After Donald Trump’s planned trip to a French cemetery for fallen Marines was canceled in November 2018, the U.S. leader had some extra time on his hands in a mansion filled with artwork. The next day, he went art shopping — or the presidential equivalent.
WASHINGTON D.C. (Bloomberg) – According to people familiar with the matter, Trump fancied several of the pieces in the U.S. ambassador’s historic residence in Paris, where he was staying, and on a whim had them removed and loaded onto Air Force One. The works — a portrait, a bust, and a set of silver figurines — were brought back to the White House.
The decision to cancel Trump’s visit to the Aisne-Marne American Cemetery outside Paris -currently under scrutiny- after the Atlantic magazine on Thursday published a bombshell report that Trump belittled the American servicemen buried there, part of a broader history of disparaging certain people who’ve served in the military.
Trump has vehemently denied making comments about “suckers” and “losers” in the armed forces. Never previously reported is Trump’s spur-of-the-moment art caper before leaving the ambassador’s residence.
The incident was met with a mixture of amusement and astonishment at the time. Still, it caused headaches for White House and State Department staffers, according to several people familiar with the episode who asked not to be identified due to its sensitivity.
Chic Mansion
The story unfolded like this: While in Paris with other world leaders to commemorate the centennial of the end of World War I, Trump stayed at the official residence of U.S. Ambassador Jamie McCourt, the palatial Hôtel de Pontalba. The mansion, in Paris’s chic 8th arrondissement, dates to 1842. It has served as a flagship of the State Department’s “Art in Embassies“ cultural diplomacy program and is open to tours.
The president’s planned visit to the Belleau Wood cemetery was canceled when rainy weather grounded the presidential helicopter, according to a redacted email the White House released to rebut the Atlantic story. The U.S. Secret Service ruled out a motorcade for the 56-mile drive, according to two people familiar with the matter.
That left Trump with about six hours of free time in the ambassador’s residence. The next day, Trump pointed out a Benjamin Franklin bust, a Franklin portrait, and a set of figurines of Greek mythical characters, and insisted the pieces come back with him to Washington.
The People’s House
According to people briefed on the incident, McCourt, the ambassador, was startled but didn’t object. Trump later quipped that the envoy would get the art back “in six years,” when his potential second term in office would be winding down.
The art, worth about $750,000, according to one of the people familiar with the episode, was loaded aboard Air Force One.
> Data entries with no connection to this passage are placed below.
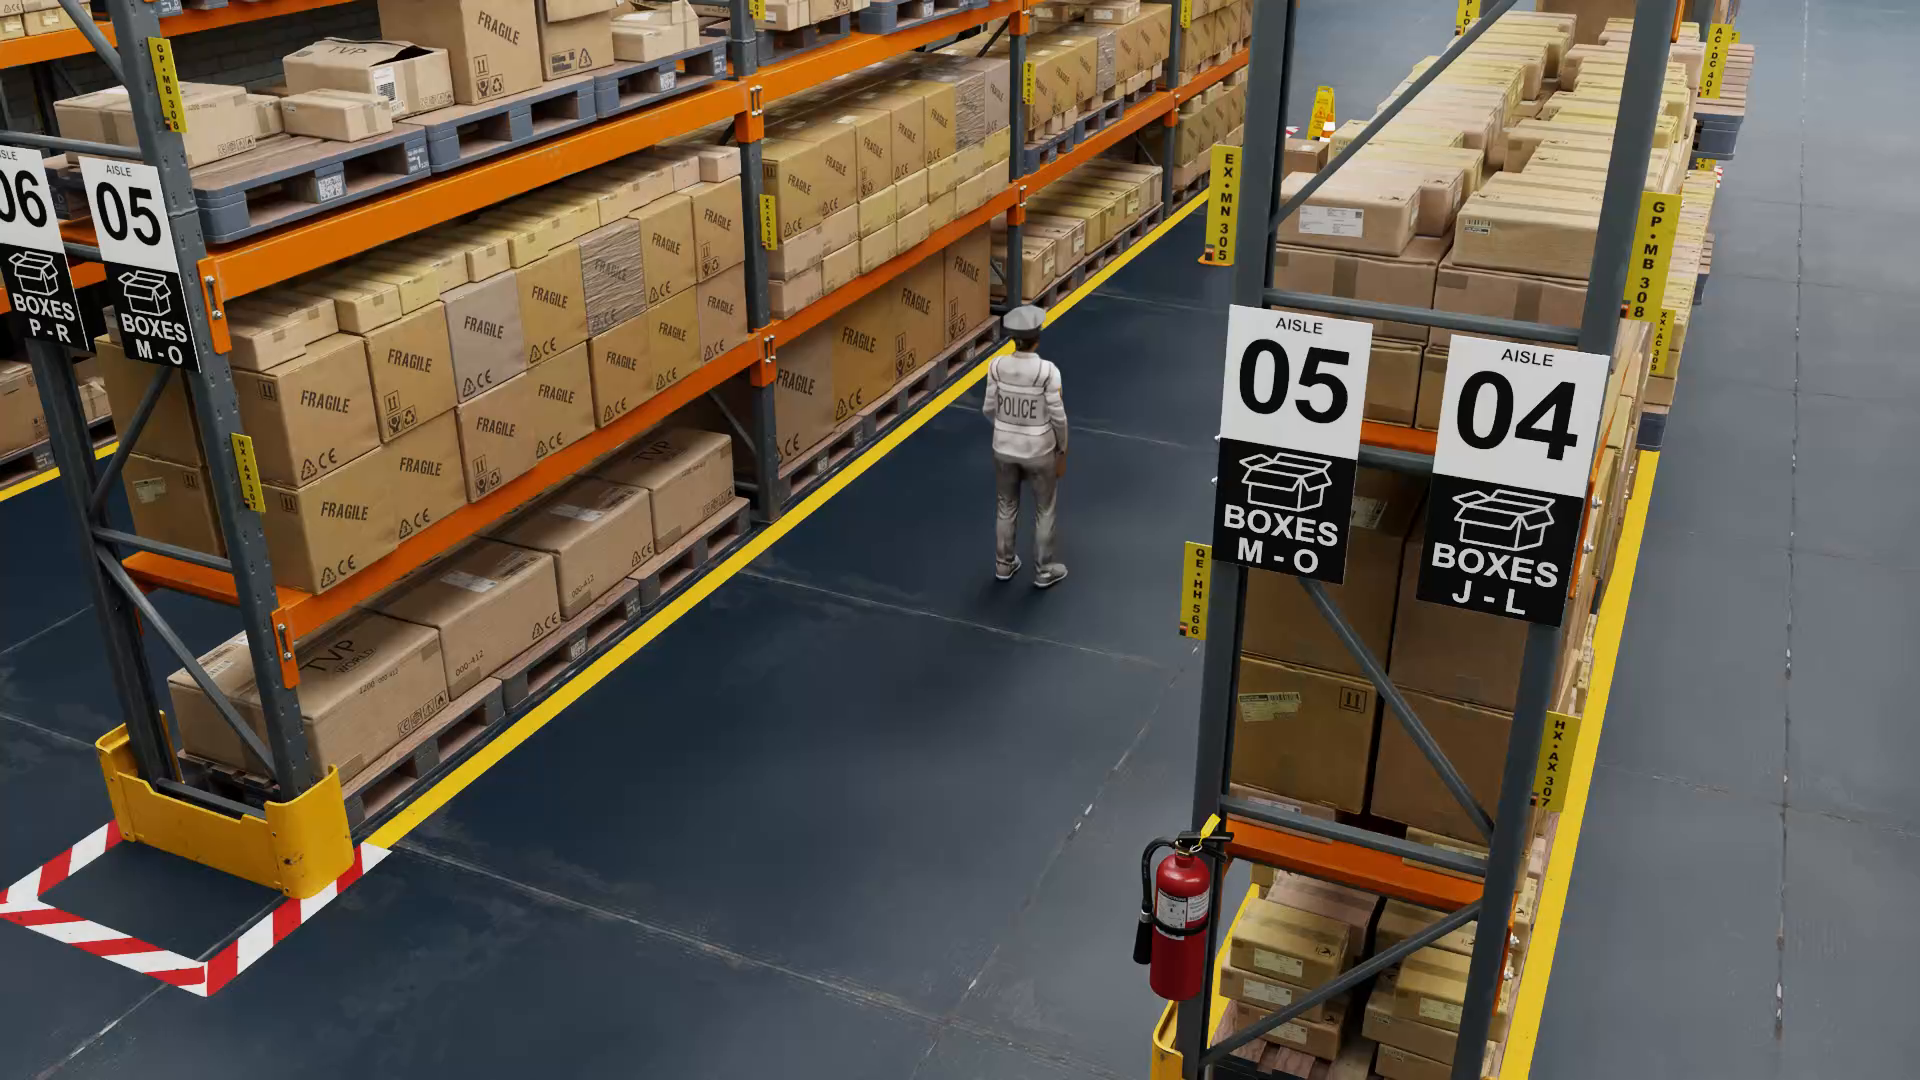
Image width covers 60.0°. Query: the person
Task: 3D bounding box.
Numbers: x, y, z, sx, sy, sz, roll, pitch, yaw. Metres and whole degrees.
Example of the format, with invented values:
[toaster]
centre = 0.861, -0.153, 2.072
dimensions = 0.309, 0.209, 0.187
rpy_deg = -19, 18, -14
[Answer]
[person]
centre = 0.383, -0.533, 9.669
dimensions = 0.502, 1.680, 0.385
rpy_deg = 11, 28, 21
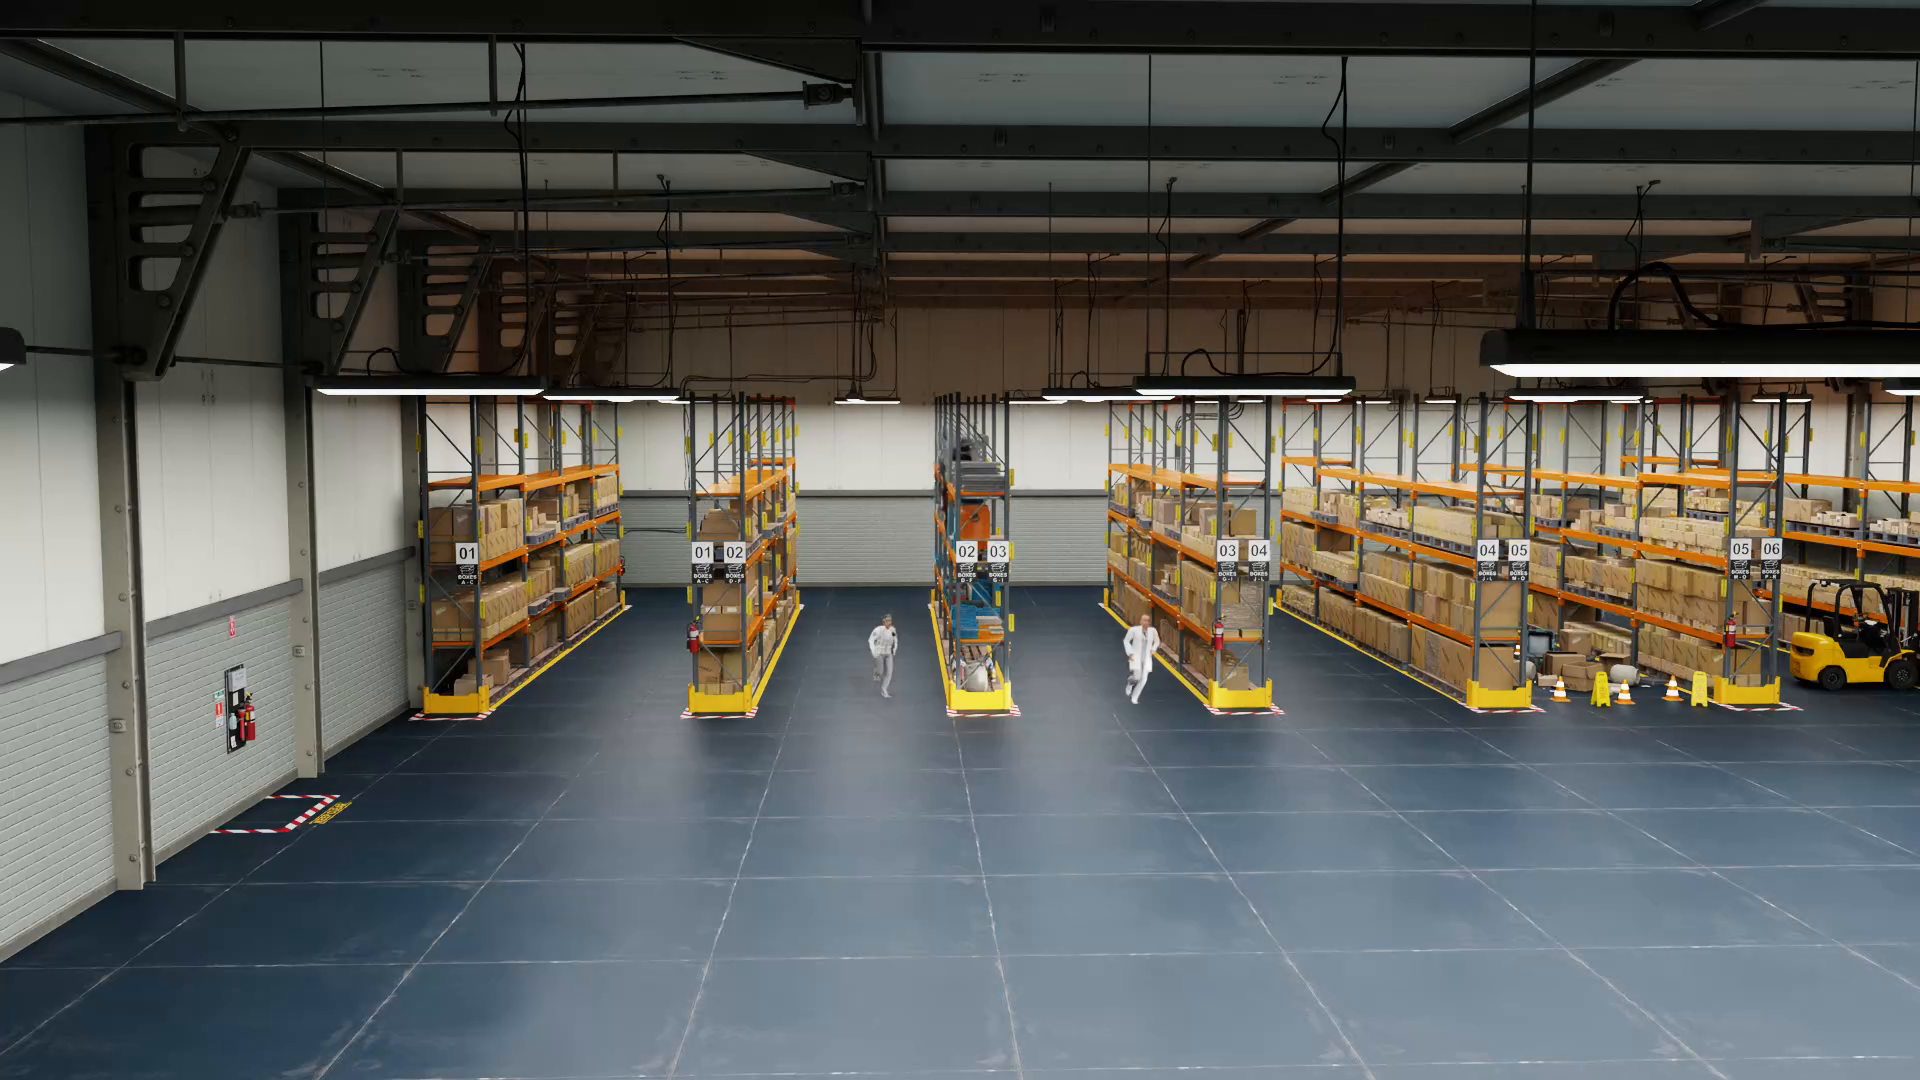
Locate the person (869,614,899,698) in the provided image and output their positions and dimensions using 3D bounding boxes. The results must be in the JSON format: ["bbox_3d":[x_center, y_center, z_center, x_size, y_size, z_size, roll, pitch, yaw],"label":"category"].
[{"bbox_3d":[-1.519,2.280,33.066,0.634,1.671,0.733,-2,5,-22],"label":"person"}]

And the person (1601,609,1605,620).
[{"bbox_3d":[16.906,1.328,44.300,0.564,1.749,0.789,-1,5,-16],"label":"person"}]

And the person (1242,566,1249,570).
[{"bbox_3d":[8.171,1.049,47.739,0.694,1.797,0.676,2,5,19],"label":"person"}]

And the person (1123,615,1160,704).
[{"bbox_3d":[3.531,2.295,32.301,0.700,1.720,0.649,-1,5,-11],"label":"person"}]
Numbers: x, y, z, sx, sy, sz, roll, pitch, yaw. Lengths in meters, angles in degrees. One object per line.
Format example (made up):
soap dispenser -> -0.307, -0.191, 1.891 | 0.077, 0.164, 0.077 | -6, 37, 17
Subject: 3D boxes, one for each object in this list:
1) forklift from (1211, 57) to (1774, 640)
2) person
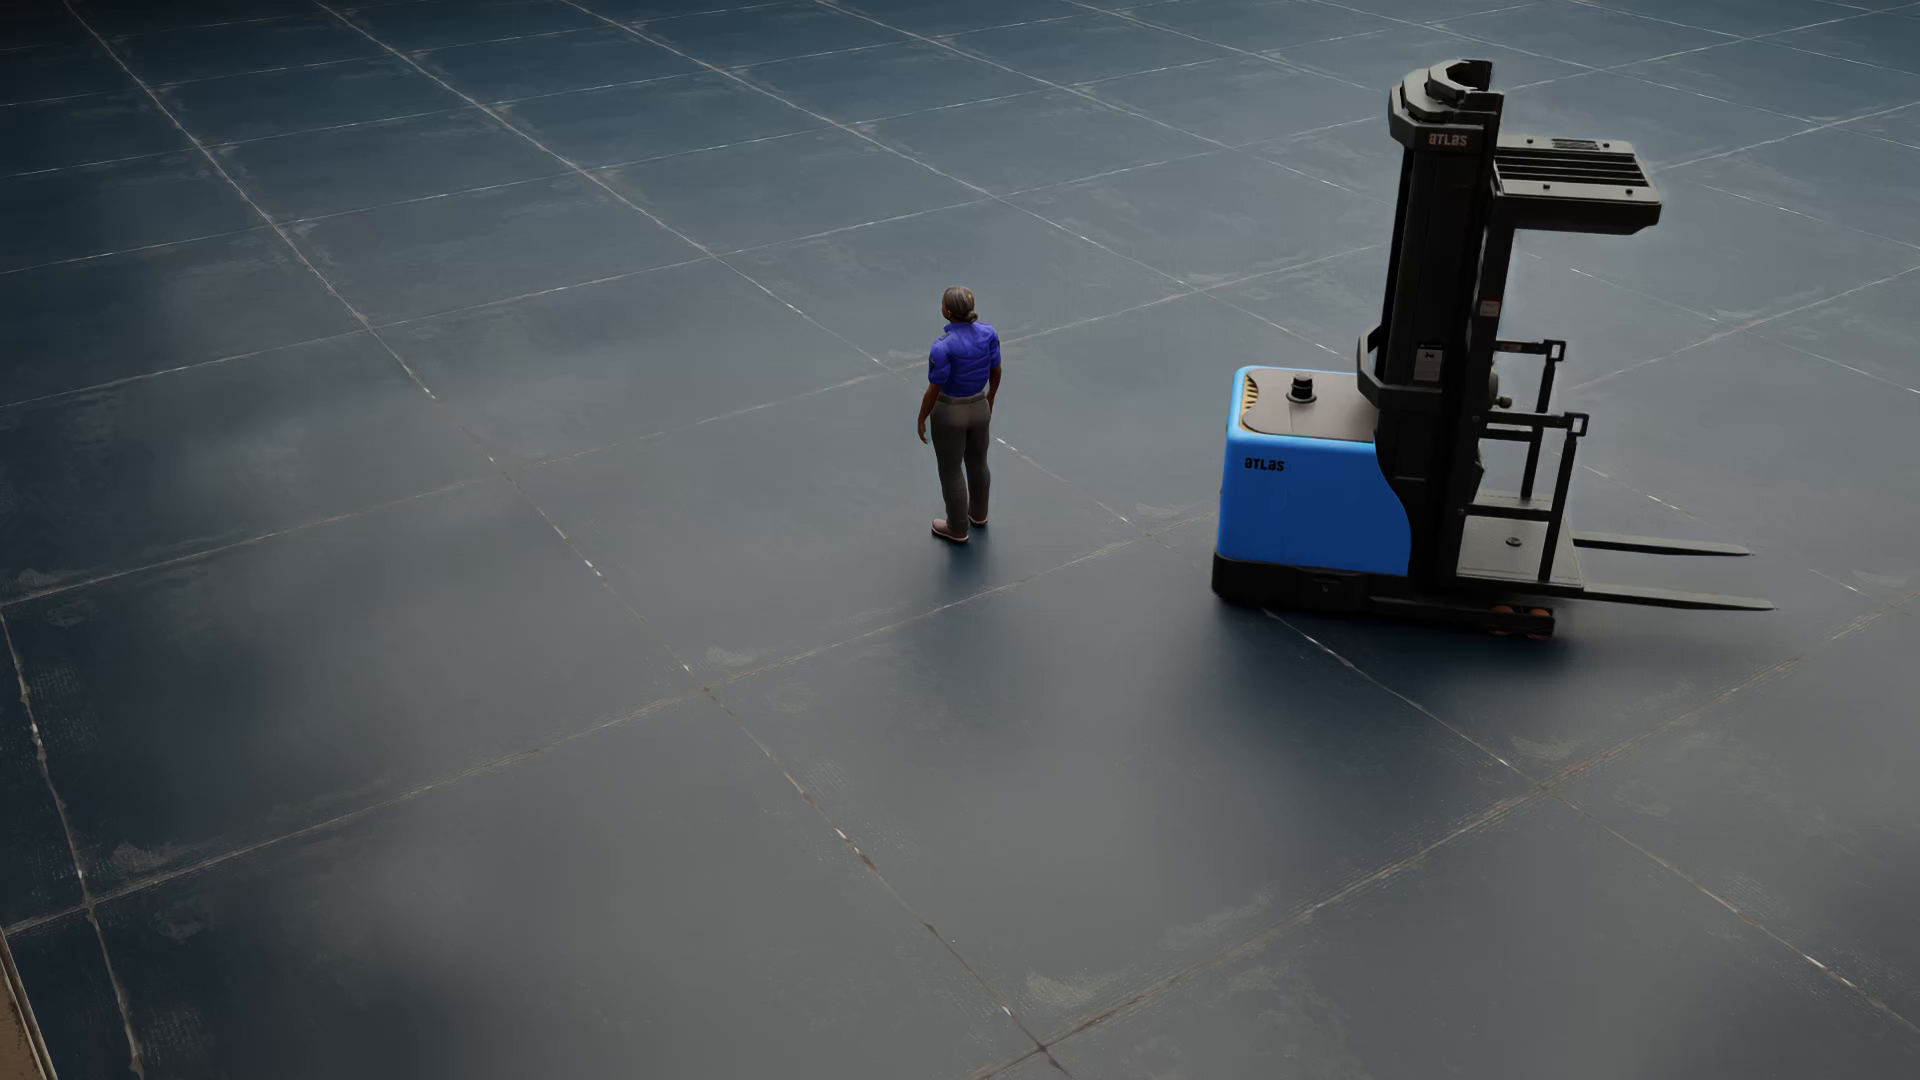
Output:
forklift -> 3.012, -1.011, 8.977 | 3.031, 2.935, 1.130 | 5, 30, 10
person -> -0.032, -0.768, 9.830 | 0.569, 1.655, 0.504 | -18, 34, -29

At the same time, Trump visited another cemetery before the flight back to Washington.
“The President brought these beautiful, historical pieces, which belong to the American people, back to the United States to be prominently displayed in the People’s House,” White House spokesman Judd Deere said in response to questions from Bloomberg News.
Trump’s move prompted some hair-pulling and furious exchange of emails back home between the State Department’s Bureau of Overseas Buildings Operations and White House officials who organized the art transfer. Ultimately, because the art is U.S. government property, the movie was deemed legal.
Purchase Policy
Trump, who once used his charity to purchase a large portrait of himself, is known to display in his private West Wing dining room mementos from various official trips and encounters. Over time that’s included a pair of shoes gifted by musician Kanye West and an UFC belt.
A senior White House official said presidents are permitted to display personal gifts from Americans or heads of state while they’re in an office but must purchase them if they want to keep the presents after they depart.
The figurines that caught Trump’s eye found a new home on the Oval Office’s fireplace mantel. Depicting Greek gods, they dated to the early 20th century. They were made by Neapolitan artist Luigi Avolio, who was trying to pass them off as sculptures from the 16th or 17th centuries, according to London-based art dealer Patricia Wengraf.
Portrait Gallery
In an “Antiques Roadshow” moment, Wengraf described the figurines as “20th-century fakes of wannabe 17th-century sculptures,” and of little value.
The French art-collection episode comes with a curious footnote. After White House art curators examined the pieces, Trump brought home. The president was told that the Franklin bust was a replica. He joked that he liked the fake better than the original, two people familiar with the episode said.
The Franklin portrait snagged from Paris was also a copy — of the one Joseph Siffred Duplessis painted in France in 1785, which was then held by the National Portrait Gallery a mile from the White House.
The curators removed a different portrait of the founding father from the Oval Office and borrowed the original Duplessis from the gallery. That one now hangs in the Oval. Not the replica Trump ferried out of France.